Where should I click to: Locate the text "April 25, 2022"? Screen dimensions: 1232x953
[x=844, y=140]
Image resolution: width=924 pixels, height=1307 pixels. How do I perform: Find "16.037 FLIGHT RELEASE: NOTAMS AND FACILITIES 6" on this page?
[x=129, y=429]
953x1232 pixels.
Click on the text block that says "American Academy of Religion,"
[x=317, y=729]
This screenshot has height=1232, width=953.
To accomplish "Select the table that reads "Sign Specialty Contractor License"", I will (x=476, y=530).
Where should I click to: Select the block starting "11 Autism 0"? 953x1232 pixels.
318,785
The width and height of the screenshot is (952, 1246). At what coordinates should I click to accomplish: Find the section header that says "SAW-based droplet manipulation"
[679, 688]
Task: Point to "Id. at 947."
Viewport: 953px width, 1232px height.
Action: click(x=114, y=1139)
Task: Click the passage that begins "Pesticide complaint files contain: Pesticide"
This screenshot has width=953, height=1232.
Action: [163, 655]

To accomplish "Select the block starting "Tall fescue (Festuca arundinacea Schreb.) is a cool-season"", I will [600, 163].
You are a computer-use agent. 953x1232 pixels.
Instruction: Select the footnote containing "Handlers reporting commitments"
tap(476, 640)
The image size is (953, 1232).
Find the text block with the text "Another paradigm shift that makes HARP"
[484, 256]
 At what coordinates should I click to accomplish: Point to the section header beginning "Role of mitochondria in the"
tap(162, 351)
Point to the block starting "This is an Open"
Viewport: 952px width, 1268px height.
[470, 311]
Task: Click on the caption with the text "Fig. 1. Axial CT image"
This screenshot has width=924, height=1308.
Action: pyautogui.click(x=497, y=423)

□ □ □ □ □

■ Work item ■
Return every entry verbatim.

■ Result for this task ■
Where should I click to: Locate the text "April 25, 2022"? Screen dimensions: 1232x953
[x=844, y=140]
Image resolution: width=924 pixels, height=1307 pixels. How do I perform: Find "16.037 FLIGHT RELEASE: NOTAMS AND FACILITIES 6" on this page?
[x=129, y=429]
953x1232 pixels.
Click on the text block that says "American Academy of Religion,"
[x=317, y=729]
This screenshot has height=1232, width=953.
To accomplish "Select the table that reads "Sign Specialty Contractor License"", I will (x=476, y=530).
Where should I click to: Select the block starting "11 Autism 0"? 953x1232 pixels.
318,785
The width and height of the screenshot is (952, 1246). At what coordinates should I click to accomplish: Find the section header that says "SAW-based droplet manipulation"
[679, 688]
Task: Point to "Id. at 947."
Viewport: 953px width, 1232px height.
Action: click(x=114, y=1139)
Task: Click the passage that begins "Pesticide complaint files contain: Pesticide"
This screenshot has width=953, height=1232.
Action: [163, 655]

To accomplish "Select the block starting "Tall fescue (Festuca arundinacea Schreb.) is a cool-season"", I will [600, 163].
You are a computer-use agent. 953x1232 pixels.
Instruction: Select the footnote containing "Handlers reporting commitments"
tap(476, 640)
The image size is (953, 1232).
Find the text block with the text "Another paradigm shift that makes HARP"
[484, 256]
 At what coordinates should I click to accomplish: Point to the section header beginning "Role of mitochondria in the"
tap(162, 351)
Point to the block starting "This is an Open"
Viewport: 952px width, 1268px height.
[470, 311]
Task: Click on the caption with the text "Fig. 1. Axial CT image"
This screenshot has width=924, height=1308.
Action: pyautogui.click(x=497, y=423)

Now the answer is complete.